WORK TASK — Leaving out all pictures, reproduce the entries below exactly, from the first line through the line that contains "teapot;0.234;-0.061;1.018;0.238;0.155;0.155;-15;37;8".

EXCERPTED DATA —
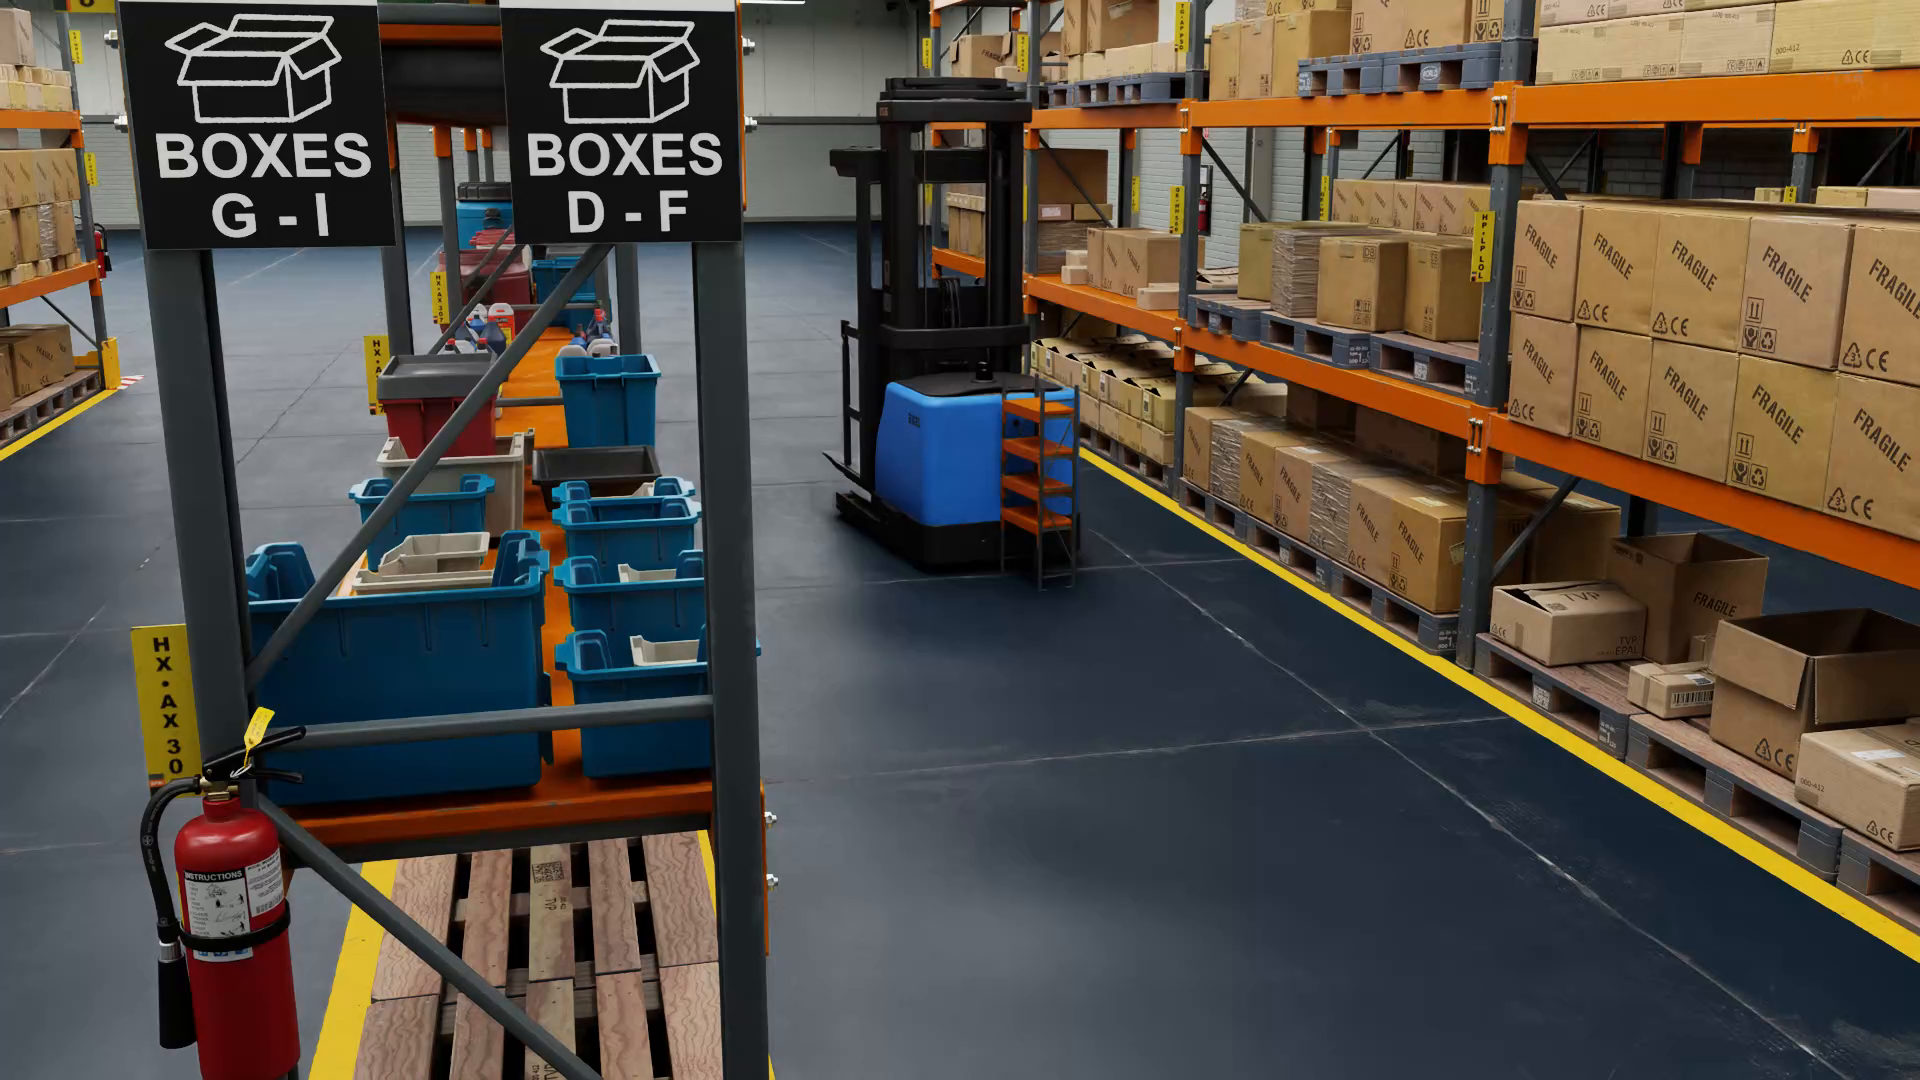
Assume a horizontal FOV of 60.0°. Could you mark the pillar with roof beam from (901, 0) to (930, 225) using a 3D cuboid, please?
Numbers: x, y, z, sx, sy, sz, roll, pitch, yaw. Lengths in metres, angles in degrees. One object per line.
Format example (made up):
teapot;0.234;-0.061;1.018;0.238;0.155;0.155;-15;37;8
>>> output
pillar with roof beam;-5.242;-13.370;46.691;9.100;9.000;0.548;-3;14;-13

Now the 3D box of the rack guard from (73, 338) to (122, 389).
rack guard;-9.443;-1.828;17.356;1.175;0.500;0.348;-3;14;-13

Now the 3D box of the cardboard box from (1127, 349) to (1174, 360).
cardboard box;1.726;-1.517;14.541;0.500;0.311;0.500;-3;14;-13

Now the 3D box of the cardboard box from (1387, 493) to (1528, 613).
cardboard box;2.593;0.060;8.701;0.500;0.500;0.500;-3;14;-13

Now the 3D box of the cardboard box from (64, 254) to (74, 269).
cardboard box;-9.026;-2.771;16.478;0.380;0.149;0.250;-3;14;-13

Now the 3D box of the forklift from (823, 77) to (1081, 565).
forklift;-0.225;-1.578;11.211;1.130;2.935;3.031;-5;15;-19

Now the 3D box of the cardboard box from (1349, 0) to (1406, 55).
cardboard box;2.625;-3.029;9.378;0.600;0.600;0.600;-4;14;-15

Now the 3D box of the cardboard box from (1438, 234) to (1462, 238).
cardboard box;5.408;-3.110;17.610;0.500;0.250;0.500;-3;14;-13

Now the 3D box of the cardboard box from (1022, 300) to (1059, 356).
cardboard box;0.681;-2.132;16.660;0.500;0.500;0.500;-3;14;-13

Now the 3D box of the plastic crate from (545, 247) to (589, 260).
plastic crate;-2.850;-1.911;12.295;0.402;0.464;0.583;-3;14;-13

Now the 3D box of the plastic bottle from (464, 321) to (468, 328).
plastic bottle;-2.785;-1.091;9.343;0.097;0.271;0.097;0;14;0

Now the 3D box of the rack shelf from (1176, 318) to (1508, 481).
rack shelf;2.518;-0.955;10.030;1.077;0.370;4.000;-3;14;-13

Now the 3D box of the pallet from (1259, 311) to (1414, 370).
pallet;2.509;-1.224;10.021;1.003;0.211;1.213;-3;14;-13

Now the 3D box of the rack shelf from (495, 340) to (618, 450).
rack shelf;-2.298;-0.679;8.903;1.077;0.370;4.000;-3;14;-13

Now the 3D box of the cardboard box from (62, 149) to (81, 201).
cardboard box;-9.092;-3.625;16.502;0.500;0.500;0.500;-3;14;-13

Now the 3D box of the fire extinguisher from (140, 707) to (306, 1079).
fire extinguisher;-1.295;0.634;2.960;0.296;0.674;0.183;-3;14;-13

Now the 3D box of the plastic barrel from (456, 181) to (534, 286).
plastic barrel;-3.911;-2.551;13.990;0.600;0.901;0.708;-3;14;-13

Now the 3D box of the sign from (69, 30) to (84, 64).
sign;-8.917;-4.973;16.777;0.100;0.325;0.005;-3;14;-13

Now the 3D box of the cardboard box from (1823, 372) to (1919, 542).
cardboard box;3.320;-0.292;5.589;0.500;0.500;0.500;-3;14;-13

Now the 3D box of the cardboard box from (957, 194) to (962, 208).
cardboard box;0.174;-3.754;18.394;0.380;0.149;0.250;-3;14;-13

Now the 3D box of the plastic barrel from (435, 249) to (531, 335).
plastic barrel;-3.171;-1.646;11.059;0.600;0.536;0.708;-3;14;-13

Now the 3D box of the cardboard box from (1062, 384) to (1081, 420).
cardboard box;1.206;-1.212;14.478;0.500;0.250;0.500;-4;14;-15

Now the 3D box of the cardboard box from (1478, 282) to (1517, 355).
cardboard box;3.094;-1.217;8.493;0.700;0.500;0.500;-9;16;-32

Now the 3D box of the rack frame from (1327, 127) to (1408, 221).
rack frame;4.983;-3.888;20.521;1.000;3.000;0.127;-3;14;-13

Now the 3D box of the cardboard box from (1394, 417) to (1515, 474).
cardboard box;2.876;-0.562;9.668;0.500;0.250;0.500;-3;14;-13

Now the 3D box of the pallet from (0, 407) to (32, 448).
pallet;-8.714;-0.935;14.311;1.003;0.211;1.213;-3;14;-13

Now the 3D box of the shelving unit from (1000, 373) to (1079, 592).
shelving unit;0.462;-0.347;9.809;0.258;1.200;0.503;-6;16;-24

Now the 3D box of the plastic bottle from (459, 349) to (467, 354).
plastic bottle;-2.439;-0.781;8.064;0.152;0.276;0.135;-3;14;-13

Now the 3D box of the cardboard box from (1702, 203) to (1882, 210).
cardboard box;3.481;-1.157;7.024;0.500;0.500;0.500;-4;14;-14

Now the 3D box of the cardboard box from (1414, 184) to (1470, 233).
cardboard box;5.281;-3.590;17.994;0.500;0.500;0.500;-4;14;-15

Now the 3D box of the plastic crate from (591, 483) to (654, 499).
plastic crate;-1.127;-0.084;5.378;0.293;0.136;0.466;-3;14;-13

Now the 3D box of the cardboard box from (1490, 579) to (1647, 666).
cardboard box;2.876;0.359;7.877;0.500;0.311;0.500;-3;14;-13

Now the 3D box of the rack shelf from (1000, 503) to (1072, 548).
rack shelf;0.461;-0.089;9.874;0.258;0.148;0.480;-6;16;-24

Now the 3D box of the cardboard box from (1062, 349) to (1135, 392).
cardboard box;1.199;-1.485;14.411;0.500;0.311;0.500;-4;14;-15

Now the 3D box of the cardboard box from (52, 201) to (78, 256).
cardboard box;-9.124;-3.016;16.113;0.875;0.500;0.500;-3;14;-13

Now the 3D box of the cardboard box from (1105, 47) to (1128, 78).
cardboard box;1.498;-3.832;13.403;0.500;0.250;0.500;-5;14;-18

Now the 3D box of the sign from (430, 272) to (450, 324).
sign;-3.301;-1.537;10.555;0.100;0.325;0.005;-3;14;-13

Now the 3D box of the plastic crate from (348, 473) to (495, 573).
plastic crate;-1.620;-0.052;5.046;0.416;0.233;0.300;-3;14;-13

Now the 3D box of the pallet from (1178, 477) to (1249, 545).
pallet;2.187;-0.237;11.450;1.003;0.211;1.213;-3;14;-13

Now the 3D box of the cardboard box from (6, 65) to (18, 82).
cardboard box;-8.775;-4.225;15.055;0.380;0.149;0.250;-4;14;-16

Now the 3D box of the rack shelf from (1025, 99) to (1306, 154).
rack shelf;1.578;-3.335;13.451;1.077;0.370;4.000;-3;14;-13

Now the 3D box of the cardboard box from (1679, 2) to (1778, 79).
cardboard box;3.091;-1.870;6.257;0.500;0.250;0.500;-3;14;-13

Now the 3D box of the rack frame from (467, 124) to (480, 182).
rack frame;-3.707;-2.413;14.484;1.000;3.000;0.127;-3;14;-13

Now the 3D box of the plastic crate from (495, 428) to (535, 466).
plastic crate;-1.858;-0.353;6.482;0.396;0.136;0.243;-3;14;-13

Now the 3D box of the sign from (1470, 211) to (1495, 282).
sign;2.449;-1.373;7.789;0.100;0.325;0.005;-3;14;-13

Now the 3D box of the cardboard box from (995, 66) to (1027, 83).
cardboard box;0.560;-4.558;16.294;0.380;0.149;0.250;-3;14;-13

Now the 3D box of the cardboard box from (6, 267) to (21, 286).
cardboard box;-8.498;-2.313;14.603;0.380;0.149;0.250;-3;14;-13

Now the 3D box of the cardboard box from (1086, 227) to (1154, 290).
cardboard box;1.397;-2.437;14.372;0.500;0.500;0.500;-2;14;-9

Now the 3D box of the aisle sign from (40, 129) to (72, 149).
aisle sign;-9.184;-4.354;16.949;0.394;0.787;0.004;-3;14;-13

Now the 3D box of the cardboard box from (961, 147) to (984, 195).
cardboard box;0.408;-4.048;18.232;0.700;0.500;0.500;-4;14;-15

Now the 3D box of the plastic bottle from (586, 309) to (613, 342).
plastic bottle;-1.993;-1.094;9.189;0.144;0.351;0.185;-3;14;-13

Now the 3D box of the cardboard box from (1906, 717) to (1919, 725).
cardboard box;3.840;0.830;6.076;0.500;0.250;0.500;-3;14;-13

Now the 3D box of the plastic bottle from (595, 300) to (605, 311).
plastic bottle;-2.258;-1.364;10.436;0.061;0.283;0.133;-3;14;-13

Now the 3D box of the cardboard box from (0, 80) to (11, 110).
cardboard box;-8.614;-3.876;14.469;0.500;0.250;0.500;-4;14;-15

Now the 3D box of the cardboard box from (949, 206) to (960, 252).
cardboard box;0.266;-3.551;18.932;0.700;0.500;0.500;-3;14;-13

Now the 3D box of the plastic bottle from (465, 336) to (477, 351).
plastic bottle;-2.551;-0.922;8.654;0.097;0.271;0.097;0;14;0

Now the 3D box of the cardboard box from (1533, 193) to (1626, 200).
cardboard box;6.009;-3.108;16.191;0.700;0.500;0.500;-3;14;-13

SOLUTION FOR THIS PROBLEM —
Assume a horizontal FOV of 60.0°. Could you mark the pillar with roof beam from (901, 0) to (930, 225) using a 3D cuboid, please?
Numbers: x, y, z, sx, sy, sz, roll, pitch, yaw. Lengths in metres, angles in degrees. One object per line.
Format example (made up):
teapot;0.234;-0.061;1.018;0.238;0.155;0.155;-15;37;8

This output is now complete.